Install specific skill from multi-skill repository

# Description

End-to-end workflow for staging specific files, writing a conventional commit with HEREDOC formatting, pushing with tracking, and opening a pull request via the GitHub CLI. Enforces safety rules against git add -A and force pushes.

# SKILL.md


name: commit-push-pr
description: End-to-end workflow for staging specific files, writing a conventional commit with HEREDOC formatting, pushing with tracking, and opening a pull request via the GitHub CLI. Enforces safety rules against git add -A and force pushes.
triggers:
- /commit-push-pr
- /commit
- /push
- /pr
- "create a pull request"
- "commit and push"
- "open a PR"


Commit, Push & PR

Purpose

This skill enforces a disciplined, safe, and auditable path from working changes to an open pull request. It exists because "git add -A && git commit -m 'stuff'" is how secrets get committed and histories become unreadable. Every step here is intentional. The workflow applies to any git repository hosted on GitHub.

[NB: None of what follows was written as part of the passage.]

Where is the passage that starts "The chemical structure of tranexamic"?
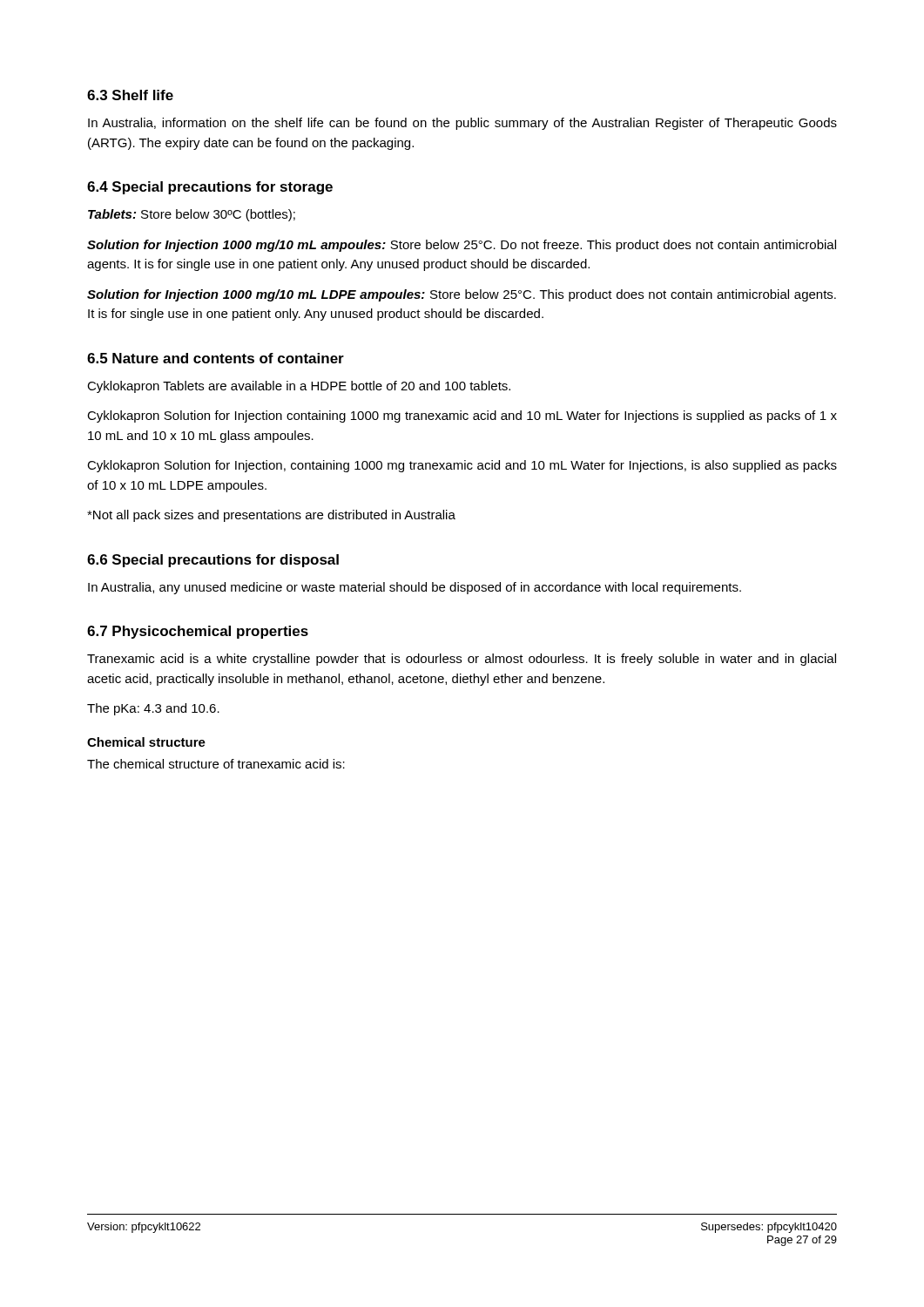The width and height of the screenshot is (924, 1307). (x=216, y=763)
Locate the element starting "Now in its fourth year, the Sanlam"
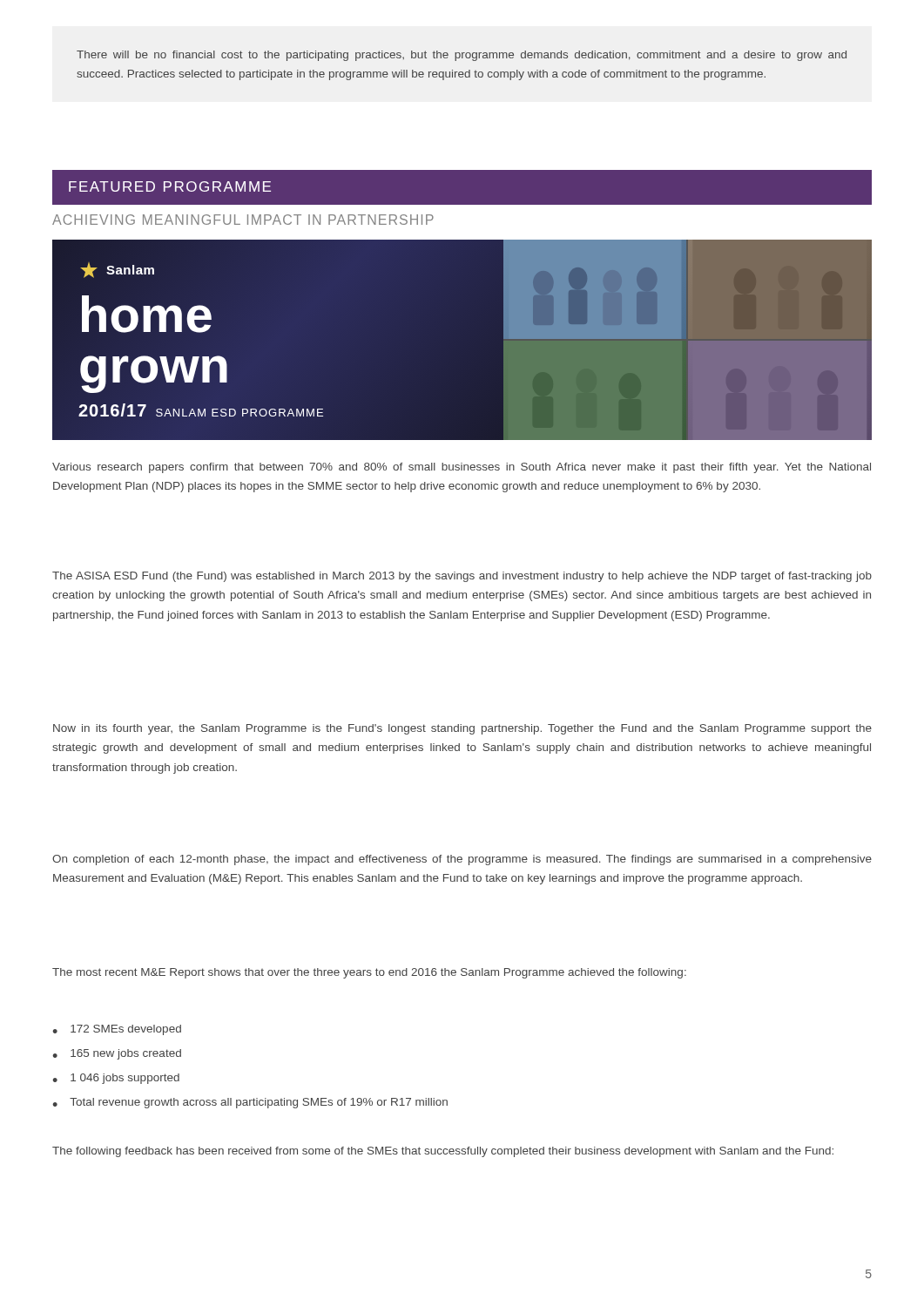 (x=462, y=748)

Phase 1: Pre-Flight Checks

Before touching git, gather information:

# 1. Understand what changed
git status

# 2. Review the full diff before staging anything
git diff

# 3. Check existing staged content
git diff --cached

# 4. Understand recent commit style to match it
git log --oneline -10

Never skip the diff review. You are responsible for knowing what you are committing. If git status shows unexpected files (e.g., .env, *.key, credentials.json), do not proceed — alert the user immediately.

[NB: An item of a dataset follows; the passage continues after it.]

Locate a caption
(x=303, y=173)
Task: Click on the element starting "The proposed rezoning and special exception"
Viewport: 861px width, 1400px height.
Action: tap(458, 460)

Phase 2: Stage Specific Files

NEVER use git add -A or git add .. These commands indiscriminately stage everything including:
- Environment files (.env, .env.local, .env.production)
- Compiled artifacts (dist/, build/, .next/)
- Editor configuration (.vscode/settings.json with secrets)
- Test fixtures with real data
- Binary files that bloat history

Instead, stage files by explicit name:

# Stage individual files
git add src/components/UserCard.tsx
git add src/hooks/useAuth.ts
git add tests/UserCard.test.tsx

# Stage a directory when you own every file in it
git add src/features/billing/

# Stage portions of a file interactively (when only some hunks belong in this commit)
git add -p src/utils/api.ts

If you find yourself wanting to stage 20+ files at once, stop. Consider whether this should be multiple commits with distinct purposes.

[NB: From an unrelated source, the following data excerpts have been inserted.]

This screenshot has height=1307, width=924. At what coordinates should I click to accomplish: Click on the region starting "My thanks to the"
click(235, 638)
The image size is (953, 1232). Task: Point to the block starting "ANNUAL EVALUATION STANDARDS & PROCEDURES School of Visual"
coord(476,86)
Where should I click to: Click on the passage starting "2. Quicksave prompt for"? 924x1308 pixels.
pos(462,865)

Phase 3: Write a Conventional Commit

Conventional Commit Format

<type>(<scope>): <short description>

<body — explain WHY, not what>

<footer>

Type prefixes:

Type When to Use
feat A new feature visible to users or consumers
fix A bug fix
refactor Code change that neither adds a feature nor fixes a bug
test Adding or modifying tests only
docs Documentation only
ci CI/CD pipeline changes
chore Maintenance, dependency updates, tooling
perf Performance improvement
build Build system or external dependency changes

Rules for the short description:
- Maximum 72 characters
- Imperative mood: "add feature" not "added feature" or "adds feature"
- No period at the end
- Lowercase after the colon

HEREDOC Commit Command

Always use HEREDOC to preserve exact formatting, blank lines between sections, and the Co-Authored-By trailer:

git commit -m "$(cat <<'EOF'
feat(auth): add OAuth2 PKCE flow for single-page app clients

Replaces the implicit grant flow which is deprecated in OAuth 2.1.
PKCE prevents authorization code interception attacks without
requiring a client secret, making it safe for public clients.

Closes #142

Co-Authored-By: Claude Opus 4.6 <[email protected]>
EOF
)"

The 'EOF' (quoted) delimiter prevents shell variable expansion inside the message. This is correct and intentional.

Co-Authored-By Line

Always include this trailer line as the last line of the commit body:

Co-Authored-By: Claude Opus 4.6 <[email protected]>

This attributes AI assistance in the git history, which is required by many organizations for audit and compliance purposes.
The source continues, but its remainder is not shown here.